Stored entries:

★ ★ ★ ★ ★ ★ ★

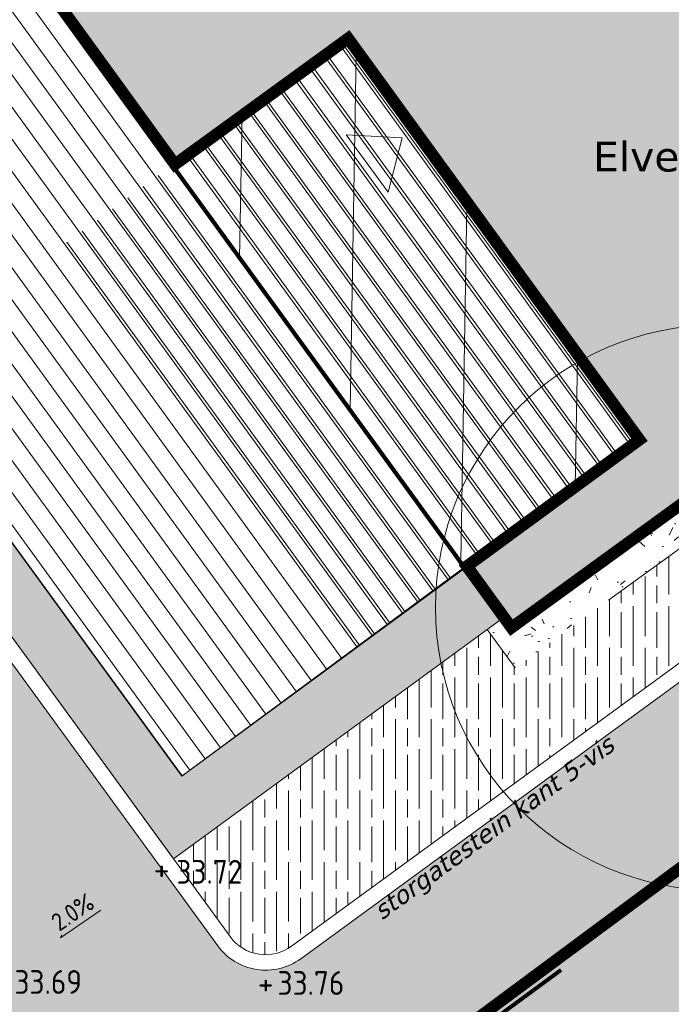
# Model space of a CAD drawing. Header units: metres. Extents: x 111845 to 310872, y 1106090 to 6520273.
# Tile 40 of 62: x 310822.04 to 310827.52, y 6520231.1 to 6520239.38. Entities that reach past the tile are written whole.
import ezdxf
from ezdxf import colors
from ezdxf.entities.mleader import LeaderData, LeaderLine
from ezdxf.enums import TextEntityAlignment as Align
from ezdxf.math import Vec2, Vec3

# ---------------------------------------------------------------- set-up
doc = ezdxf.new("R2010")
doc.units = ezdxf.units.M
for name, pattern in [('DASHED', [0.75, 0.5, -0.25]), ('DASHED_1', [2, 1, -1]), ('DASHED_2', [3, 2, -1]), ('LTEMA1201', [7, 5, -2])]:
    doc.linetypes.add(name, pattern=pattern)
for name, color, linetype, lineweight in [('_LA DIV-Bygg', 7, 'Continuous', 9), ('_LA DIV-Bygg under tak', 251, 'DASHED_2', 9), ('_LA DIV-Plangrense', 20, 'DASHED', 9), ('_LA EL-Lysmast', 41, 'Continuous', 9), ('_LA TEK-Punkthøgde ny', 8, 'Continuous', 9), ('_LA VVS-Fallpiil', 8, 'Continuous', 9), ('LARK_KANT_ingen kant', 8, 'Continuous', 0), ('LARK_KANT_stein_granitt_vis5cm', 8, 'Continuous', 9), ('LARK_TEKST_henvisninger', 8, 'Continuous', 0)]:
    doc.layers.add(name, color=color, linetype=linetype, lineweight=lineweight)
for name, color, linetype, lineweight, true_color in [('LARK_BYGG_skravur', 7, 'Continuous', 0, 0xffffff), ('LARK_GRØNT_busker_mørk', 7, 'Continuous', 0, 0x97bd84), ('LARK_GRØNT_hekk', 7, 'Continuous', 0, 0x7fac77), ('LARK_KONSTR_TRE_terrasse', 7, 'Continuous', 0, 0x4f4940), ('LARK_MATERIALE_asfalt', 7, 'Continuous', 0, 0xd1d1d1), ('LARK_MATERIALE_grus', 7, 'Continuous', 0, 0xddd5bb)]:
    doc.layers.add(name, color=color, linetype=linetype, lineweight=lineweight, true_color=true_color)
doc.styles.add('Arial', font='Arial.ttf')
doc.styles.add('FISO', font='Fiso')
doc.styles.add('ISO', font='ISO')
doc.styles.get("Standard").update_dxf_attribs({"font": 'ISOCPEUR.TTF'})
doc.styles.add('Verdana', font='Verdana.ttf')

# ---------------------------------------------------------------- blocks, each defined once
blk = doc.blocks.new('_MPLUSZH')
at = {"style": 'FISO'}
blk.add_attdef('PLUSHÖJD', (2.074, -1), '', height=2, dxfattribs=at)
blk.add_attdef('+', text='', height=1, dxfattribs=at).set_placement((0, 0), align=Align.MIDDLE)

msp = doc.modelspace()

# ---------------------------------------------------------------- hatches: boundary and pattern name
at = {"layer": '_LA DIV-Bygg under tak', "linetype": 'DASHED_1', "true_color": 0x909090}
h = msp.add_hatch(dxfattribs=at)
h.set_pattern_fill('ANSI31', color=252, scale=0.3, angle=44)
h.paths.add_polyline_path([(310823.3227, 6520238.1548), (310824.7813, 6520239.2177), (310827.2365, 6520235.8384), (310825.7802, 6520234.7804), (310825.9092, 6520234.6029), (310825.9146, 6520234.6037)])
at = {"layer": 'LARK_BYGG_skravur'}
h = msp.add_hatch(color=256, dxfattribs=at)
h.dxf.hatch_style = 1
h.paths.add_polyline_path([(310811.9609, 6520254.4478), (310811.9608, 6520252.4478), (310808.3609, 6520252.4478), (310808.3609, 6520243.3478), (310814.7609, 6520243.3478), (310814.7609, 6520245.176), (310820.4983, 6520245.1478), (310822.3494, 6520242.6), (310820.8876, 6520241.5469), (310823.3251, 6520238.1597), (310824.7813, 6520239.2177), (310827.2365, 6520235.8384), (310825.7969, 6520234.7926), (310826.1719, 6520234.2764), (310833.5371, 6520239.6277), (310831.409, 6520242.5433), (310833.0277, 6520243.7247), (310825.2369, 6520254.4478)])
at = {"layer": 'LARK_BYGG_skravur', "linetype": 'DASHED_1'}
h = msp.add_hatch(color=256, dxfattribs=at)
h.dxf.hatch_style = 1
h.paths.add_polyline_path([(310829.0184, 6520219.0536), (310822.2018, 6520228.2514), (310832.1449, 6520235.6204), (310838.9615, 6520226.4226)])
at = {"layer": 'LARK_GRØNT_busker_mørk'}
h = msp.add_hatch(dxfattribs=at)
h.set_pattern_fill('GOST_WOOD', color=256, scale=0.05)
edge = h.paths.add_edge_path()
edge.add_line((310831.4849, 6520255.7578), (310834.1728, 6520252.1461))
edge.add_line((310834.1728, 6520252.1461), (310835.2866, 6520250.5495))
edge.add_line((310835.2866, 6520250.5495), (310837.6002, 6520247.0447))
edge.add_line((310837.6002, 6520247.0447), (310839.2089, 6520244.6124))
edge.add_line((310839.2089, 6520244.6124), (310841.0532, 6520241.3324))
edge.add_line((310841.0532, 6520241.3324), (310842.0339, 6520239.0379))
edge.add_arc((310841.234, 6520238.696), 0.87, -66.56551, 23.1428, ccw=False)
edge.add_line((310841.58, 6520237.8977), (310839.8874, 6520237.1641))
edge.add_line((310839.8874, 6520237.1641), (310839.4198, 6520238.276))
edge.add_line((310839.4198, 6520238.276), (310841.2573, 6520239.0724))
edge.add_arc((310793.7255, 6520218.4404), 51.8165, 23.4642, 31.73398)
edge.add_line((310837.7954, 6520245.6946), (310836.7224, 6520247.3577))
edge.add_line((310836.7224, 6520247.3577), (310834.9502, 6520249.8106))
edge.add_line((310834.9502, 6520249.8106), (310835.1841, 6520250.0005))
edge.add_line((310835.1841, 6520250.0005), (310832.3627, 6520253.8838))
edge.add_line((310832.3627, 6520253.8838), (310829.5372, 6520251.8309))
edge.add_line((310829.5372, 6520251.8309), (310827.0878, 6520255.1856))
edge.add_arc((310827.3786, 6520255.3978), 0.36, 90, 216.12517, ccw=False)
edge.add_line((310827.3786, 6520255.7578), (310831.4849, 6520255.7578))
h = msp.add_hatch(dxfattribs=at)
h.set_pattern_fill('GOST_WOOD', color=256, scale=0.05)
edge = h.paths.add_edge_path()
edge.add_line((310823.3321, 6520232.3271), (310823.8094, 6520231.6728))
edge.add_arc((310824.1083, 6520231.8909), 0.37, 216.12738, 306.12737)
edge.add_line((310824.3264, 6520231.5921), (310828.2601, 6520234.4632))
edge.add_line((310828.2601, 6520234.4632), (310827.8033, 6520235.089))
edge.add_line((310827.8033, 6520235.089), (310826.2086, 6520233.9323))
edge.add_line((310826.2086, 6520233.9323), (310825.9728, 6520234.2553))
edge.add_line((310825.9728, 6520234.2553), (310823.3321, 6520232.3271))
at = {"layer": 'LARK_GRØNT_hekk'}
h = msp.add_hatch(color=256, dxfattribs=at)
h.dxf.hatch_style = 1
h.paths.add_polyline_path([(310823.4048, 6520233.0244), (310819.962, 6520237.7413), (310819.5836, 6520237.4652), (310823.3321, 6520232.3271), (310826.0961, 6520234.3453), (310825.7802, 6520234.7804)])
at = {"layer": 'LARK_KONSTR_TRE_terrasse', "true_color": 0x8b8b8b}
h = msp.add_hatch(dxfattribs=at)
h.set_pattern_fill('ANSI31', color=252, scale=0.05, angle=81, style=0)
h.set_pattern_definition([(126, (1.47741, -5.09913), (-0.128431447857, -0.0933109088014), [])])
h.paths.add_polyline_path([(310819.001, 6520239.0579), (310821.4107, 6520240.82), (310823.3404, 6520238.1709), (310824.8022, 6520239.224), (310827.2531, 6520235.8506), (310823.4034, 6520233.0233)])
at = {"layer": 'LARK_KONSTR_TRE_terrasse'}
h = msp.add_hatch(dxfattribs=at)
h.set_pattern_fill('ANSI31', color=256, scale=0.05, angle=81, style=0)
h.set_pattern_definition([(126, (4.8338, -6.70698), (-0.128431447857, -0.0933109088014), [])])
h.paths.add_polyline_path([(310822.3558, 6520237.4522), (310824.7789, 6520239.2208), (310827.2365, 6520235.8384), (310824.8216, 6520234.0717)])
at = {"layer": 'LARK_MATERIALE_asfalt'}
h = msp.add_hatch(color=256, dxfattribs=at)
h.dxf.hatch_style = 1
edge = h.paths.add_edge_path()
edge.add_line((310832.1448, 6520235.6205), (310834.9594, 6520237.6621))
edge.add_line((310834.9594, 6520237.6621), (310834.2357, 6520238.6638))
edge.add_line((310834.2357, 6520238.6638), (310834.0352, 6520238.5175))
edge.add_line((310834.0352, 6520238.5175), (310830.037, 6520235.5992))
edge.add_line((310830.037, 6520235.5992), (310828.4417, 6520234.4348))
edge.add_line((310828.4417, 6520234.4348), (310824.403, 6520231.4871))
edge.add_arc((310824.1083, 6520231.8909), 0.5, 216.12516, 306.12516, ccw=False)
edge.add_line((310823.7044, 6520231.5962), (310818.1626, 6520239.1888))
edge.add_line((310818.1626, 6520239.1888), (310816.951, 6520238.3045))
edge.add_line((310816.951, 6520238.3045), (310821.7798, 6520231.6886))
edge.add_arc((310821.376, 6520231.3939), 0.5, -53.84476, 36.12515, ccw=False)
edge.add_line((310821.671, 6520230.9901), (310807.2863, 6520220.4794))
edge.add_line((310807.2863, 6520220.4794), (310808.8802, 6520218.3953))
edge.add_line((310808.8802, 6520218.3953), (310815.1384, 6520222.9481))
edge.add_line((310815.1384, 6520222.9481), (310819.1173, 6520225.8804))
edge.add_line((310819.1173, 6520225.8804), (310822.2548, 6520228.1798))
edge.add_line((310822.2548, 6520228.1798), (310822.2018, 6520228.2514))
edge.add_line((310822.2018, 6520228.2514), (310832.1448, 6520235.6205))
at = {"layer": 'LARK_MATERIALE_grus', "transparency": 33554687}
h = msp.add_hatch(dxfattribs=at)
h.set_pattern_fill('AR-CONC', color=256, scale=0.003, angle=-32.06108)
h.set_pattern_definition([(17.938921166, (-4.2787, -2.54227), (0.437812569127, -0.330647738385), [0.05715, -0.62865]), (322.938921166, (-4.2787, -2.54227), (0.2146475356, 0.541876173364), [0.04572, -0.50292175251]), (68.390365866, (-4.2422, -2.5698), (0.6524600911, 0.211228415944), [0.0485700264, -0.5342707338]), (14.123121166, (-4.1978, -2.4131), (0.62225329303, -0.53857541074), [0.085725, -0.942975]), (64.574478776, (-4.1459, -2.458), (0.99760613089, 0.25100935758), [0.07285506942, -0.80140682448]), (319.123072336, (-4.1978, -2.4131), (0.9976061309, 0.25100935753), [0.06857990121, -0.75437919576]), (348.938921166, (-4.15343, -2.48585), (0.22261756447, -0.501445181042), [0.05715, -0.62865]), (293.938921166, (-4.15343, -2.48585), (0.450442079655, 0.36987053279), [0.04572, -0.50292]), (39.390366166, (-4.1349, -2.52763), (0.67305964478, -0.1315746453), [0.0485700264, -0.5342698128]), (5.438921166, (-4.27868, -2.54227), (0.142503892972, 0.2100582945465), [0, -0.496824, 0, -0.51054, 0, -0.504825]), (335.438921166, (-4.27868, -2.54227), (0.32941998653, 0.148295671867), [0, -0.291084, 0, -0.485394, 0, -0.192405]), (295.438921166, (-4.4227, -2.45207), (0.3356092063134, -0.230488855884), [0, -0.1905, 0, -0.59436, 0, -0.78867]), (285.438921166, (-4.48727, -2.4116), (0.417101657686, -0.171245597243), [0, -0.24765, 0, -0.394716, 0, -0.56007])])
h.paths.add_polyline_path([(310825.9728, 6520234.2553), (310826.2086, 6520233.9323), (310827.8033, 6520235.089), (310827.6349, 6520235.3197), (310826.172, 6520234.2413), (310826.0963, 6520234.3455)])

# ---------------------------------------------------------------- linework, layer by layer
at = {"layer": '_LA DIV-Bygg', "const_width": 0.1}
for points, elevation in [([(310808.3609, 6520243.3478), (310814.7609, 6520243.3478), (310814.7609, 6520245.1478), (310817.8108, 6520245.1478), (310820.4983, 6520245.1478), (310822.3494, 6520242.6), (310820.8932, 6520241.542), (310823.3447, 6520238.165), (310824.8022, 6520239.224), (310827.2531, 6520235.8506), (310825.8012, 6520234.7867), (310826.1762, 6520234.2706), (310833.5382, 6520239.6194), (310831.4222, 6520242.5319), (310833.0402, 6520243.7074), (310825.2369, 6520254.4478), (310811.9609, 6520254.4478), (310811.9608, 6520252.4478), (310808.3609, 6520252.4478)], 37.61), ([(310829.0184, 6520219.0536), (310822.2018, 6520228.2514), (310832.1449, 6520235.6204), (310838.9615, 6520226.4226)], 37.14)]:
    msp.add_lwpolyline(points, close=True, dxfattribs=dict(at, elevation=elevation))
at = {"layer": '_LA DIV-Bygg under tak', "linetype": 'ByBlock', "elevation": -75.22}
msp.add_lwpolyline([(310825.1394, 6520237.9306), (310825.2566, 6520238.3884), (310824.7848, 6520238.4146)], close=True, dxfattribs=at)
at = {"layer": '_LA DIV-Bygg under tak', "const_width": 0.03, "elevation": 37.61}
msp.add_lwpolyline([(310823.3251, 6520238.1597), (310825.7802, 6520234.7804)], dxfattribs=at)
at = {"layer": '_LA DIV-Plangrense', "color": 0, "linetype": 'LTEMA1201', "lineweight": 80, "elevation": 35.5}
msp.add_lwpolyline([(310832.2346, 6520235.5329), (310808.8802, 6520218.3953), (310798.04, 6520232.57), (310795.85, 6520235.21, 0.056378), (310789.58, 6520240.37, 0.013049), (310787.8497, 6520241.1386, 0.037047), (310781.86, 6520242.69, 0.05831), (310777.561, 6520242.7668, -0.161094), (310774.3181, 6520243.5668, 0.467692), (310768.2801, 6520254.8572, -0.209227), (310766.0122, 6520257.0954, -0.124404), (310765.89, 6520260.46, -0.176582), (310768.6678, 6520264.3502), (310771.864, 6520265.2125), (310775.7923, 6520266.052), (310778.5117, 6520266.4546), (310781.6332, 6520266.9311), (310789.8352, 6520267.9674), (310791.32, 6520268.02, -0.0747), (310802.5224, 6520265.0502), (310809.2438, 6520261.5174, 0.152732), (310819.7188, 6520259.8336), (310825.5283, 6520260.5926), (310827.81, 6520260.68, -0.031825)], format="xyb", dxfattribs=at)
at = {"layer": '_LA EL-Lysmast', "color": 30}
msp.add_circle((310827.9129, 6520234.4386), 2.376, dxfattribs=at)
at = {"layer": '_LA VVS-Fallpiil', "color": 8}
msp.add_polyline3d([(310822.7214, 6520231.8957, 33.7076), (310822.3809, 6520231.6641, 33.6994), (310822.3921, 6520231.6873, 33.6999)], dxfattribs=at)
at = {"layer": 'LARK_GRØNT_hekk', "color": 252, "true_color": 0x888888}
msp.add_lwpolyline([(310823.4048, 6520233.0244), (310819.962, 6520237.7413), (310819.5836, 6520237.4652), (310823.3321, 6520232.3271), (310826.0961, 6520234.3453), (310825.7802, 6520234.7804)], close=True, dxfattribs=at)
at = {"layer": 'LARK_KANT_ingen kant', "linetype": 'DASHED_1', "elevation": 37.61}
msp.add_lwpolyline([(310827.8033, 6520235.089), (310826.2086, 6520233.9323), (310825.9728, 6520234.2553)], dxfattribs=at)
at = {"layer": 'LARK_KANT_stein_granitt_vis5cm', "elevation": 37.61}
for points in [[(310819.8853, 6520237.8463), (310819.402, 6520237.4935), (310823.7044, 6520231.5962, 0.414214), (310824.403, 6520231.4871), (310828.4417, 6520234.4348), (310827.7399, 6520235.3963)], [(310819.962, 6520237.7413), (310819.5836, 6520237.4652), (310823.8094, 6520231.6728, 0.414214), (310824.3264, 6520231.5921), (310828.2601, 6520234.4632), (310827.6349, 6520235.3197)]]:
    msp.add_lwpolyline(points, format="xyb", dxfattribs=at)
at = {"layer": 'LARK_KONSTR_TRE_terrasse', "elevation": 37.61}
msp.add_lwpolyline([(310819.001, 6520239.0579), (310821.4107, 6520240.82), (310823.3404, 6520238.1709), (310824.8022, 6520239.224), (310827.2531, 6520235.8506), (310823.4034, 6520233.0233)], close=True, dxfattribs=at)

# ---------------------------------------------------------------- block references
at = {"layer": '_LA TEK-Punkthøgde ny'}
ref = msp.add_blockref('_MPLUSZH', (310823.2323, 6520232.243, 33.72), dxfattribs=dict(at, xscale=0.5, yscale=0.5, zscale=0.5))
ref.add_attrib('PLUSHÖJD', '33.72', (310823.3573, 6520232.118, 33.72), dxfattribs={"height": 0.2, "style": 'ISO'})
ref.add_attrib('+', '+', dxfattribs={"height": 0.2}).set_placement((310823.2323, 6520232.243, 33.72), align=Align.MIDDLE)
ref = msp.add_blockref('_MPLUSZH', (310821.87, 6520231.3168, 33.6871), dxfattribs=dict(at, xscale=0.5, yscale=0.5, zscale=0.5))
ref.add_attrib('PLUSHÖJD', '33.69', (310821.995, 6520231.1918, 33.6871), dxfattribs={"height": 0.2, "style": 'ISO'})
ref.add_attrib('+', '+', dxfattribs={"height": 0.2}).set_placement((310821.87, 6520231.3168, 33.6871), align=Align.MIDDLE)
at = {"layer": '_LA TEK-Punkthøgde ny', "linetype": 'DASHED_1'}
ref = msp.add_blockref('_MPLUSZH', (310824.1083, 6520231.2831, 33.7616), dxfattribs=dict(at, xscale=0.5, yscale=0.5, zscale=0.5))
ref.add_attrib('PLUSHÖJD', '33.76', (310824.2083, 6520231.1831, 33.7616), dxfattribs={"height": 0.2, "style": 'ISO'})
ref.add_attrib('+', '+', dxfattribs={"height": 0.2}).set_placement((310824.1083, 6520231.2831, 33.7616), align=Align.MIDDLE)

# ---------------------------------------------------------------- texts
at = {"layer": '_LA VVS-Fallpiil', "color": 8, "style": 'ISO'}
msp.add_text('2.0%', height=0.15, rotation=34.20929, dxfattribs=at).set_placement((310822.5512, 6520231.7799, 33.7035), align=Align.BOTTOM_CENTER)
at = {"layer": 'LARK_TEKST_henvisninger', "color": 18, "true_color": 0x040404, "insert": (310824.996, 6520231.9281, 33.5625), "char_height": 0.15, "width": 5.441132, "attachment_point": 1, "rotation": 36.19912, "style": 'Verdana'}
msp.add_mtext('{\\fVerdana|b0|i1|c0|p34;storgatestein kant 5-vis}', dxfattribs=at)

# ---------------------------------------------------------------- leaders
at = {"layer": 'LARK_TEKST_henvisninger', "color": 7}
ml = msp.add_multileader_mtext('Standard', dxfattribs=at)
ml.set_content('{\\fVerdana|b0|i0|c0|p34;Utvendig trapp\\PElvesingel under trapp}', color=7, style='Arial')
ml.set_leader_properties()
ml.build(insert=Vec2(0, 0))
ml.multileader.update_dxf_attribs({"dogleg_length": 1, "arrow_head_size": 0.4, "scale": 0.1})
ctx = ml.context
ctx.base_point, ctx.scale, ctx.char_height, ctx.arrow_head_size, ctx.landing_gap_size, ctx.plane_origin = Vec3(310826.8148, 6520238.6122, -37.61), 0.1, 0.25, 0.4, 0.1, Vec3(310821.1286, 6520247.0129, -37.61)
ctx.text_align_type = 2
notes = []
notes.append((ctx, [(1, (1, 1, 0), (310830.9477, 6520238.6122, -37.61), (-1, 0), 0.1, [(0, [(310831.7723, 6520237.6309, -37.61)], 0, [])])]))
ctx.mtext.insert, ctx.mtext.alignment, ctx.mtext.flow_direction = Vec3(310830.7477, 6520238.7727, -37.61), 3, 5
for ctx, leaders in notes:
    for number, flags, end, landing, length, lines in leaders:
        leader = LeaderData()
        leader.index, (leader.has_last_leader_line, leader.has_dogleg_vector, leader.attachment_direction) = number, flags
        leader.last_leader_point, leader.dogleg_vector, leader.dogleg_length = Vec3(end), Vec3(landing), length
        for number, points, colour, breaks in lines:
            line = LeaderLine()
            line.index, line.vertices, line.color, line.breaks = number, Vec3.list(points), colors.encode_raw_color(colour), breaks
            leader.lines.append(line)
        ctx.leaders.append(leader)

doc.saveas('drawing.dxf')

★ ★ ★ ★ ★ ★ ★

> _The task_: Using the records above, copy every line that has the word "close" in it.

> _Output below_:
    msp.add_lwpolyline(points, close=True, dxfattribs=dict(at, elevation=elevation))
msp.add_lwpolyline([(310825.1394, 6520237.9306), (310825.2566, 6520238.3884), (310824.7848, 6520238.4146)], close=True, dxfattribs=at)
msp.add_lwpolyline([(310823.4048, 6520233.0244), (310819.962, 6520237.7413), (310819.5836, 6520237.4652), (310823.3321, 6520232.3271), (310826.0961, 6520234.3453), (310825.7802, 6520234.7804)], close=True, dxfattribs=at)
msp.add_lwpolyline([(310819.001, 6520239.0579), (310821.4107, 6520240.82), (310823.3404, 6520238.1709), (310824.8022, 6520239.224), (310827.2531, 6520235.8506), (310823.4034, 6520233.0233)], close=True, dxfattribs=at)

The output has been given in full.